WORK REQUEST – Scan the listing below for the string "zero" and copy each line where it turns up.

DATA FOR ANALYSIS –
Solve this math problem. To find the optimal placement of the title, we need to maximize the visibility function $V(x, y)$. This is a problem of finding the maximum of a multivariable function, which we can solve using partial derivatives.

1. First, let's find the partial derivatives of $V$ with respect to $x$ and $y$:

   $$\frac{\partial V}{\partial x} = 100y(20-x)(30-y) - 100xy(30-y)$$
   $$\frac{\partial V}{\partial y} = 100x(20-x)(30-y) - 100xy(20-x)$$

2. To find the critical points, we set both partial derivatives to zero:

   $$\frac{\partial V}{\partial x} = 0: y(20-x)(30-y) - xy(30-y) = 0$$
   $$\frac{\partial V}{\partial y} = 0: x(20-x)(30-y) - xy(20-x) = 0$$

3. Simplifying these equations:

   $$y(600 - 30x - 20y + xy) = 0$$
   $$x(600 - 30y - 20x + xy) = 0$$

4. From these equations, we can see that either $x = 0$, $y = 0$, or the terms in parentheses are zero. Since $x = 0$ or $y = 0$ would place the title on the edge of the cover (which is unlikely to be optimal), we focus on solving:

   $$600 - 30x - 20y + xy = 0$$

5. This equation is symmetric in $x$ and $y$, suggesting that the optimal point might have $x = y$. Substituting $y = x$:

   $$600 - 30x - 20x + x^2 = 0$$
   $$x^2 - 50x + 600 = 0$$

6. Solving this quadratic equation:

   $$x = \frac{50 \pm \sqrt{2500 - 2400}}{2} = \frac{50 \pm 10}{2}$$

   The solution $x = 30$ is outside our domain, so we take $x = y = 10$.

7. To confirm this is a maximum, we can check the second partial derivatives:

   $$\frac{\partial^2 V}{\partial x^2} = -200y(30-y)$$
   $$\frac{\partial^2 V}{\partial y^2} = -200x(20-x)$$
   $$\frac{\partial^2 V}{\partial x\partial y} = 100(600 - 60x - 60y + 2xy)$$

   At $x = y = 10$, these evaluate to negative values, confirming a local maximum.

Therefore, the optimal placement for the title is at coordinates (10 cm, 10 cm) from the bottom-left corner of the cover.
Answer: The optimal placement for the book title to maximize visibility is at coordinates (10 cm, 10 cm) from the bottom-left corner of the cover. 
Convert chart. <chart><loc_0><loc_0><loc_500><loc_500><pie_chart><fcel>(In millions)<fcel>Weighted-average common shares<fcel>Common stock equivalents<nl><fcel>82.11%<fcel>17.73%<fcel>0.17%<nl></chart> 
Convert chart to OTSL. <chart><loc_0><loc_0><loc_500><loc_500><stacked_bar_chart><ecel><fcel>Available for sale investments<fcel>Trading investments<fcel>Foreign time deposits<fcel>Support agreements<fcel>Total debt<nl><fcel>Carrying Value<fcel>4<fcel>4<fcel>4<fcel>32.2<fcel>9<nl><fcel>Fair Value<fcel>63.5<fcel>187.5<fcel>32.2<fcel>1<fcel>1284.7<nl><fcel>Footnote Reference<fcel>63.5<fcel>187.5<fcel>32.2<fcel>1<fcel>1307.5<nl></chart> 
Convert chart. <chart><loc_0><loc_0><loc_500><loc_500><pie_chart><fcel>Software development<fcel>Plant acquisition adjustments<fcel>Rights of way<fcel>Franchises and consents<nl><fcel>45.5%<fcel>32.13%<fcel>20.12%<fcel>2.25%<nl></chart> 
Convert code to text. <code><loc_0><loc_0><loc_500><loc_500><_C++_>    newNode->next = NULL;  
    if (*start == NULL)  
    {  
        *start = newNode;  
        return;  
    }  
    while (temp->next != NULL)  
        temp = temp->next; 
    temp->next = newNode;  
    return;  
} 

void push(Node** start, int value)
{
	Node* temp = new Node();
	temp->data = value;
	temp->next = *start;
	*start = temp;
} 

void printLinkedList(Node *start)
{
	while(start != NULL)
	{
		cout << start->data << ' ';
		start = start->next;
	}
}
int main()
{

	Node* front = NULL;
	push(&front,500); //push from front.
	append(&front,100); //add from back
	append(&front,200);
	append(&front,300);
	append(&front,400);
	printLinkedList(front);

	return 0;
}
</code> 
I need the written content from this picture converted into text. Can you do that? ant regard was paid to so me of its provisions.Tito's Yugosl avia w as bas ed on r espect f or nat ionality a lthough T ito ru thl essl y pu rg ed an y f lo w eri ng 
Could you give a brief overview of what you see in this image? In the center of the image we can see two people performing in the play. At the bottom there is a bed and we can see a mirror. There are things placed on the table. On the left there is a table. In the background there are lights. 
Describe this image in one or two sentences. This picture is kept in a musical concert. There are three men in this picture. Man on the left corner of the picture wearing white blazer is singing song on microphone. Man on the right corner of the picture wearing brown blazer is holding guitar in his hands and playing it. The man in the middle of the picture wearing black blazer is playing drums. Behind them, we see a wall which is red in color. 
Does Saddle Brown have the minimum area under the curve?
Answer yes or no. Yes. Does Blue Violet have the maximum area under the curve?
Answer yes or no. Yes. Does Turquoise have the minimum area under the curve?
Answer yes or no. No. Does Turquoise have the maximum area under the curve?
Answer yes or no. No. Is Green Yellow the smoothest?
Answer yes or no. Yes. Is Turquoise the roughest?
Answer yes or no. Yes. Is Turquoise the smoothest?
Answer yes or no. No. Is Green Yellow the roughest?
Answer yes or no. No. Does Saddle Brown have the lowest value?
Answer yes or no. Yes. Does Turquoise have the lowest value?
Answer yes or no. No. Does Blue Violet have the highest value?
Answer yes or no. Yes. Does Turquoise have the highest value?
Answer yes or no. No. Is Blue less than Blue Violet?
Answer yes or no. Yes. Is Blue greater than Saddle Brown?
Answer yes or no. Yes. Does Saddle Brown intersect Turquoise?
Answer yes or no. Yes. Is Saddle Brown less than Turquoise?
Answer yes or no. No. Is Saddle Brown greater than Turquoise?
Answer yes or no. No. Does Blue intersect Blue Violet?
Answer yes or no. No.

SOLUTION TO THE EXERCISE –
2. To find the critical points, we set both partial derivatives to zero:
4. From these equations, we can see that either $x = 0$, $y = 0$, or the terms in parentheses are zero. Since $x = 0$ or $y = 0$ would place the title on the edge of the cover (which is unlikely to be optimal), we focus on solving:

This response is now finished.